## TASK TO COMPLETE
Take the line that holds "You are a GUI" and every line after it to the end of the entries, and repeat them exactly without the pictures.

#### INFORMATION SHOWN

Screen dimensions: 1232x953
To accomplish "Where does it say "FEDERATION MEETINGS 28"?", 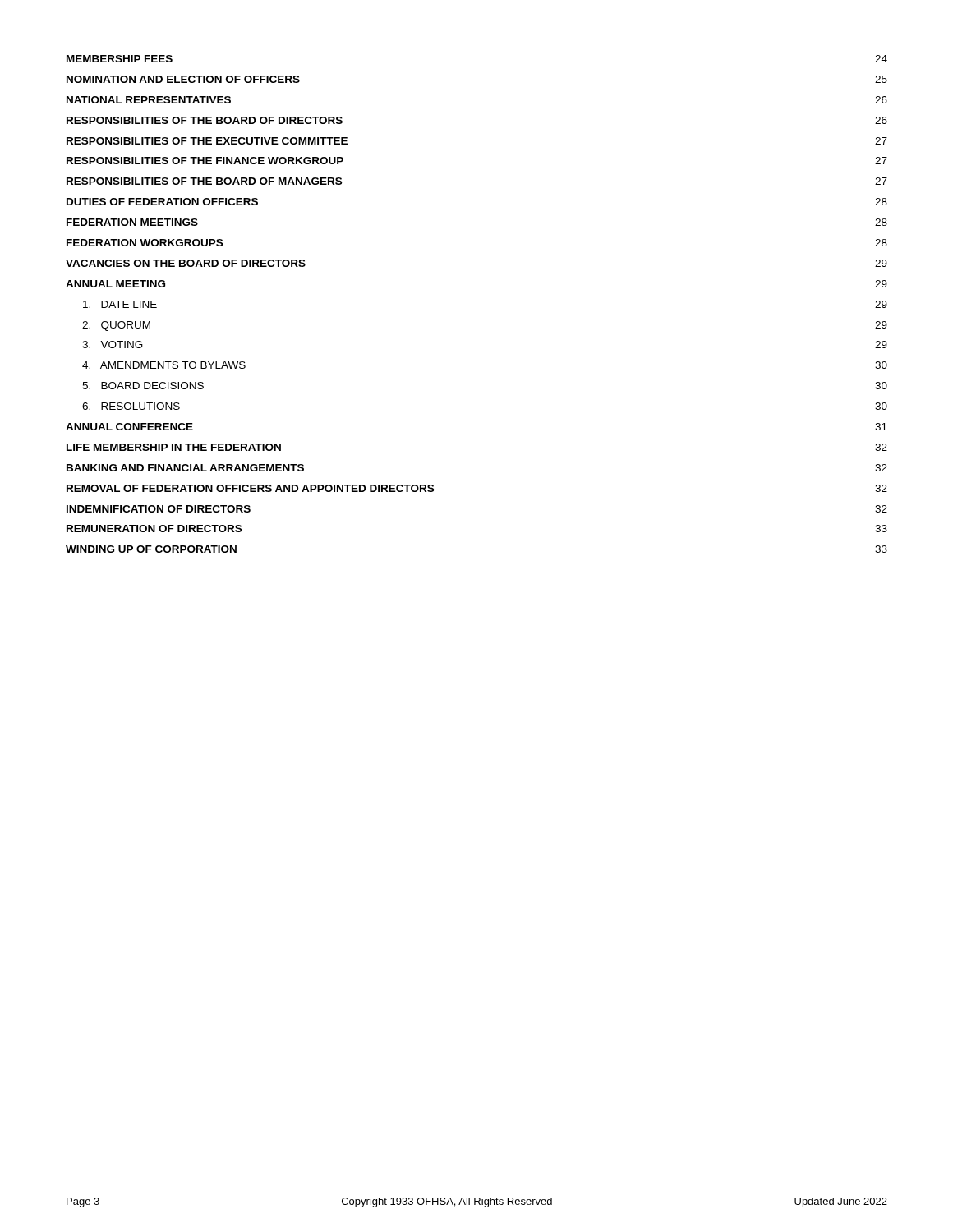I will [x=133, y=222].
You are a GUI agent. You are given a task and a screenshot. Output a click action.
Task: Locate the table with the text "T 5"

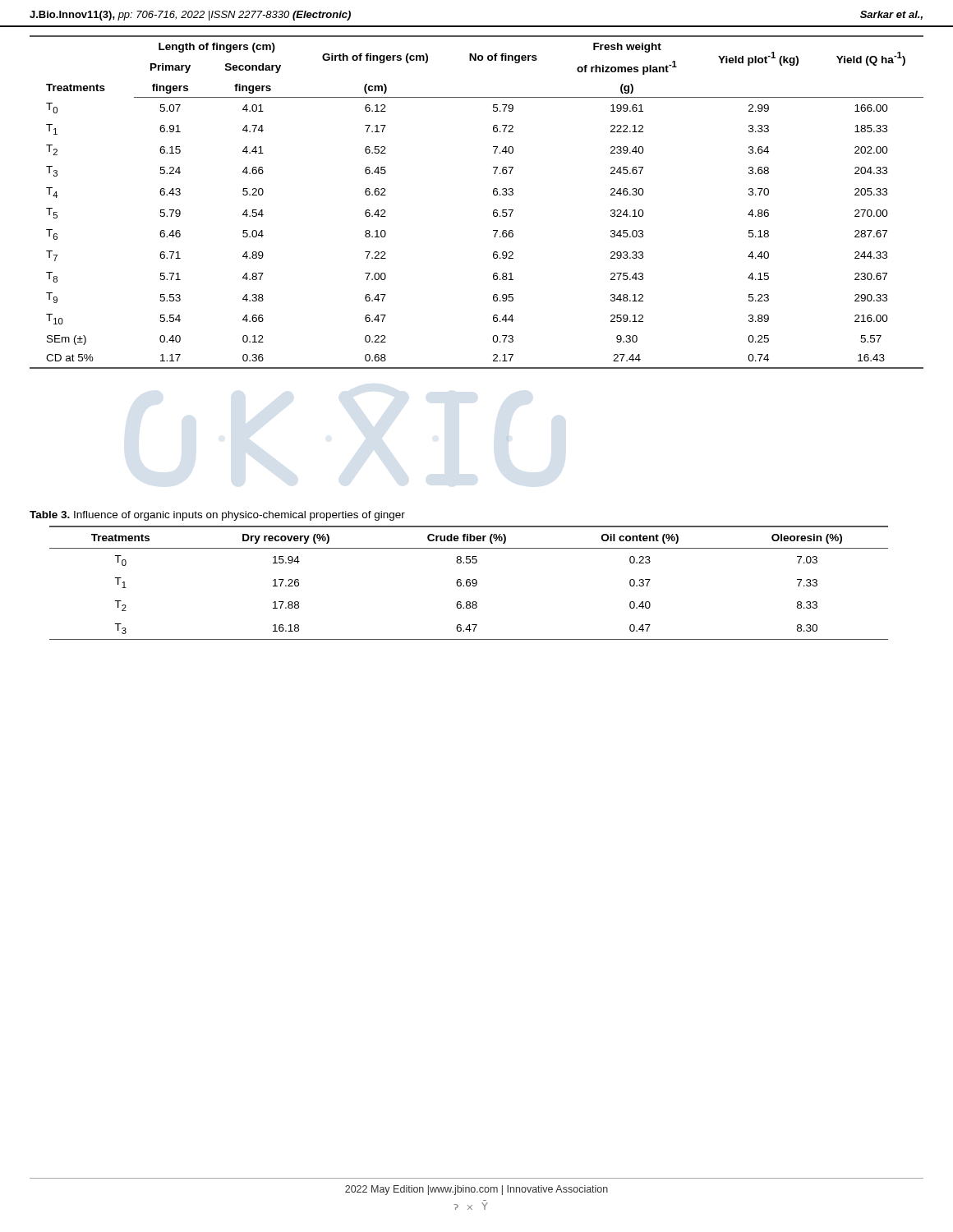point(476,198)

########

## ANSWER TO THE EXERCISE
You are a GUI agent. You are given a task and a screenshot. Output a click action.
Task: Locate the table with the text "T 5"

point(476,198)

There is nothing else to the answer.